### DATA SECTION
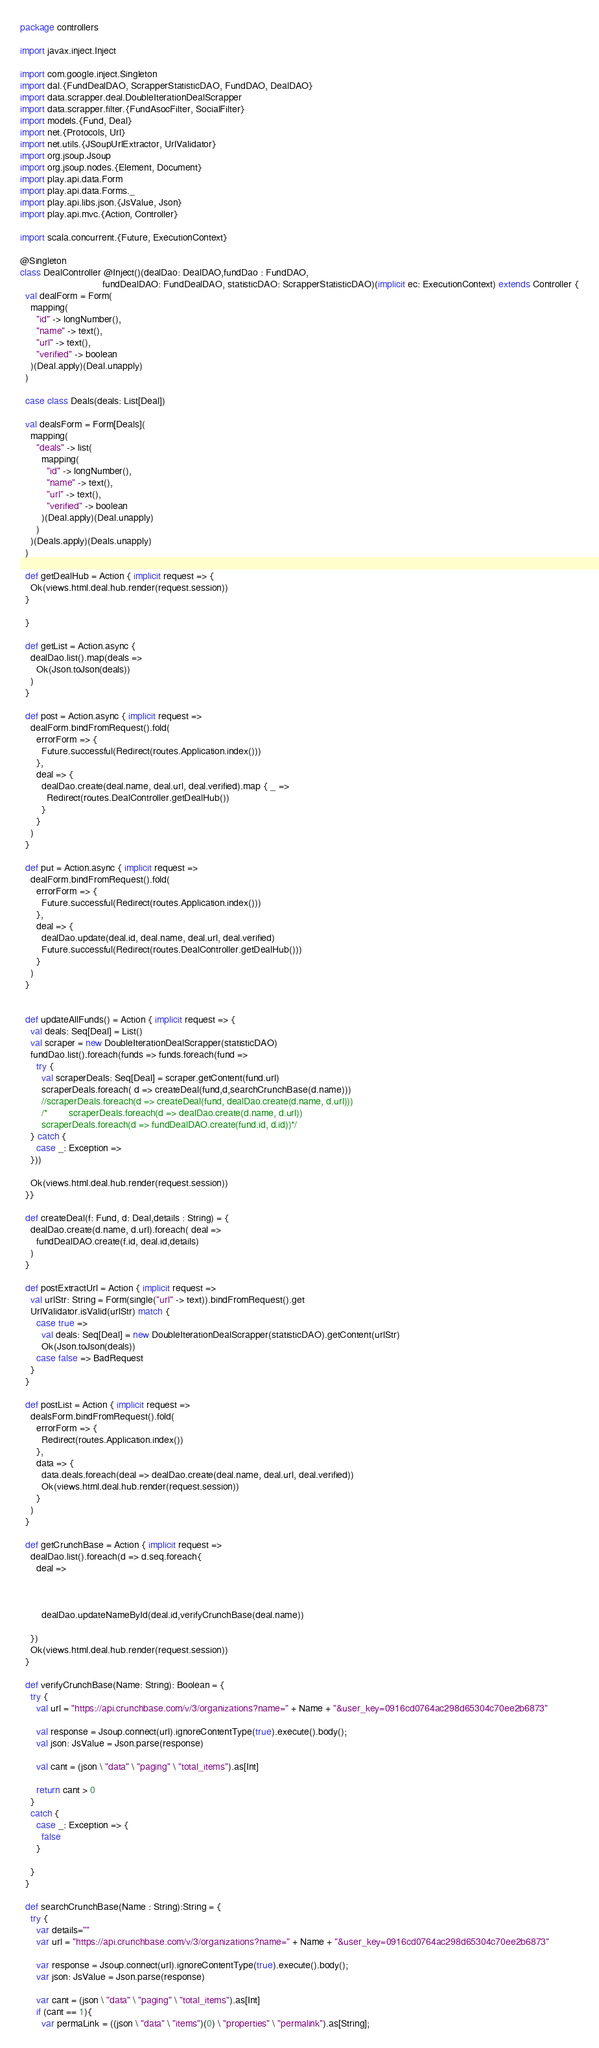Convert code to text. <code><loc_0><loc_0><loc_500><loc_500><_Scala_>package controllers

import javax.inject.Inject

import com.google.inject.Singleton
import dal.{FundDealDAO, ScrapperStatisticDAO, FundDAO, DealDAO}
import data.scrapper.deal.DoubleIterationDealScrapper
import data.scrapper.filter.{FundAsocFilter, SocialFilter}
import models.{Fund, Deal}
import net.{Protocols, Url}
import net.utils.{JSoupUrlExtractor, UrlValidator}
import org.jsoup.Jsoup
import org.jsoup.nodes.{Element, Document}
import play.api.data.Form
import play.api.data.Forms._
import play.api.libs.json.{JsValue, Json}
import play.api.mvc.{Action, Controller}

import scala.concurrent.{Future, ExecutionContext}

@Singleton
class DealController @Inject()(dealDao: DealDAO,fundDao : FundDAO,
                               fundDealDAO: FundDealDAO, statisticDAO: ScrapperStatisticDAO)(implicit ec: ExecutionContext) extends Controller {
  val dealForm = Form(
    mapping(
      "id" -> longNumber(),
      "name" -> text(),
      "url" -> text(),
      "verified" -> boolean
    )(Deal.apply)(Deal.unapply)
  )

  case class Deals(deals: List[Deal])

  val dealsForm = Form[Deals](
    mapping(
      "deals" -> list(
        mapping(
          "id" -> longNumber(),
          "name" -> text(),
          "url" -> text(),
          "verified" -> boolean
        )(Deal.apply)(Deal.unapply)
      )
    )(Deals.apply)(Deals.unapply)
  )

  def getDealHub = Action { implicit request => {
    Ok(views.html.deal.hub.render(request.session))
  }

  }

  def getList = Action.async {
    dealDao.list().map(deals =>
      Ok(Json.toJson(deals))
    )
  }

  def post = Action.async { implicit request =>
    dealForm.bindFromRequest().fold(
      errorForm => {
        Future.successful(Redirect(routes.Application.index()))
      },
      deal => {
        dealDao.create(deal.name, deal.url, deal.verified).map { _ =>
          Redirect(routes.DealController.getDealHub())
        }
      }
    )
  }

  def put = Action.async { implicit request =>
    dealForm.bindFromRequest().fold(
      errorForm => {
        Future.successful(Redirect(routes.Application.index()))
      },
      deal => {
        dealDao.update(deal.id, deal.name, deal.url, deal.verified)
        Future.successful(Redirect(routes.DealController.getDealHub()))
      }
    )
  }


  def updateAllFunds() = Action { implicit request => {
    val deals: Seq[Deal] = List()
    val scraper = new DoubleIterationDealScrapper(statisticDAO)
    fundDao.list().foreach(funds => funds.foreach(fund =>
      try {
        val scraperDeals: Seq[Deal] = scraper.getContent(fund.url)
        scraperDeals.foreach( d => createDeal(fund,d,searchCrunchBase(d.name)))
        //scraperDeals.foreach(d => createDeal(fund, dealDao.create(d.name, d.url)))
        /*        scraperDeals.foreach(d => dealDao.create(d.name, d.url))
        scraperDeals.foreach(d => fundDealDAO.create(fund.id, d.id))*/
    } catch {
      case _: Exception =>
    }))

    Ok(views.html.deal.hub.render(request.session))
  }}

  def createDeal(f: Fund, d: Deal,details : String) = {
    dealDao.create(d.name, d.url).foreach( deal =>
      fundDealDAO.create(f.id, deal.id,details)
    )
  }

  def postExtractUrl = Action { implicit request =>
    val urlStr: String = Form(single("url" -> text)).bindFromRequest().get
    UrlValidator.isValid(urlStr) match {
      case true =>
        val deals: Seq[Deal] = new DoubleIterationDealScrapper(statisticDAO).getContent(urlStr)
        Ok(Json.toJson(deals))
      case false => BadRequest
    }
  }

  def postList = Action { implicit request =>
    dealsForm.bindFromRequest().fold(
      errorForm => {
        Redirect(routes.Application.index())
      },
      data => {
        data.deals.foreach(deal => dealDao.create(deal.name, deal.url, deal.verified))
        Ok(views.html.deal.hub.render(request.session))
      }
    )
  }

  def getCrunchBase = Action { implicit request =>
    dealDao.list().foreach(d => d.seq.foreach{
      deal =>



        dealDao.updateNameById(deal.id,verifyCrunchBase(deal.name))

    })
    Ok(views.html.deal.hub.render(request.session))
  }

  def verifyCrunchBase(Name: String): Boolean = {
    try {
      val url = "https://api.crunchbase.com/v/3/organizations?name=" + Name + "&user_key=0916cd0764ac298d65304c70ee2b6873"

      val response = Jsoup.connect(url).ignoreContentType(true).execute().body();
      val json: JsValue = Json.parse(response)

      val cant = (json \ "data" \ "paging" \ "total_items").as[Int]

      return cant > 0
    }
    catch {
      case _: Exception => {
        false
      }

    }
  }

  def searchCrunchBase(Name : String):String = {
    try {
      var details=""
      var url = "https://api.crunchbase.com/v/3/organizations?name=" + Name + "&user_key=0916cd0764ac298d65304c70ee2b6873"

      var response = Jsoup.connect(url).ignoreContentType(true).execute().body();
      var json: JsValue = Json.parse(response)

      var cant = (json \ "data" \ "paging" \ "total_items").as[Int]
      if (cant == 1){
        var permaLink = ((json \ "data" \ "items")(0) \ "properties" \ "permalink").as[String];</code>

---

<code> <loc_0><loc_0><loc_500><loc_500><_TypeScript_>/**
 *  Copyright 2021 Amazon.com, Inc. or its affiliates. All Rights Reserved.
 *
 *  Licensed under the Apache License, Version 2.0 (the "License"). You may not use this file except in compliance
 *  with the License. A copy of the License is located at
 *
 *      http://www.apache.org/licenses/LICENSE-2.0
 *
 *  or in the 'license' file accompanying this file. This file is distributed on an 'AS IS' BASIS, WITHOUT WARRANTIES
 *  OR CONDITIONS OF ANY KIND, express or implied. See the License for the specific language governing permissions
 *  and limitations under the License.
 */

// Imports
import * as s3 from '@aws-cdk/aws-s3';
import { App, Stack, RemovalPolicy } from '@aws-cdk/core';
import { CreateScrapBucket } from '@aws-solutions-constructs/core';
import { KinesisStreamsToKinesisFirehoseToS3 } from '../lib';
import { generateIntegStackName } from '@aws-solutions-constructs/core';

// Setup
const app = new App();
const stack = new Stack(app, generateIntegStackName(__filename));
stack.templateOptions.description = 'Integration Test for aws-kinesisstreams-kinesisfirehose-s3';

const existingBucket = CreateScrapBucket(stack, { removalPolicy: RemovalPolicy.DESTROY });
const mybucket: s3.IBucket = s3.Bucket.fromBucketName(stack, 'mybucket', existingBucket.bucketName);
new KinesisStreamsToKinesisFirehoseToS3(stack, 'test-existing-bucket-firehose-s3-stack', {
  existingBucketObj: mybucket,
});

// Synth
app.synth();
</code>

### WHAT NEEDS TO BE DONE
What you return from the records above should be exactly everything from the line with "Convert code to" down to the line with "import data.scrapper.deal.DoubleIterationDealScrapper", both kept, and no pictures.

### OUTPUT FOR THIS EXERCISE
Convert code to text. <code><loc_0><loc_0><loc_500><loc_500><_Scala_>package controllers

import javax.inject.Inject

import com.google.inject.Singleton
import dal.{FundDealDAO, ScrapperStatisticDAO, FundDAO, DealDAO}
import data.scrapper.deal.DoubleIterationDealScrapper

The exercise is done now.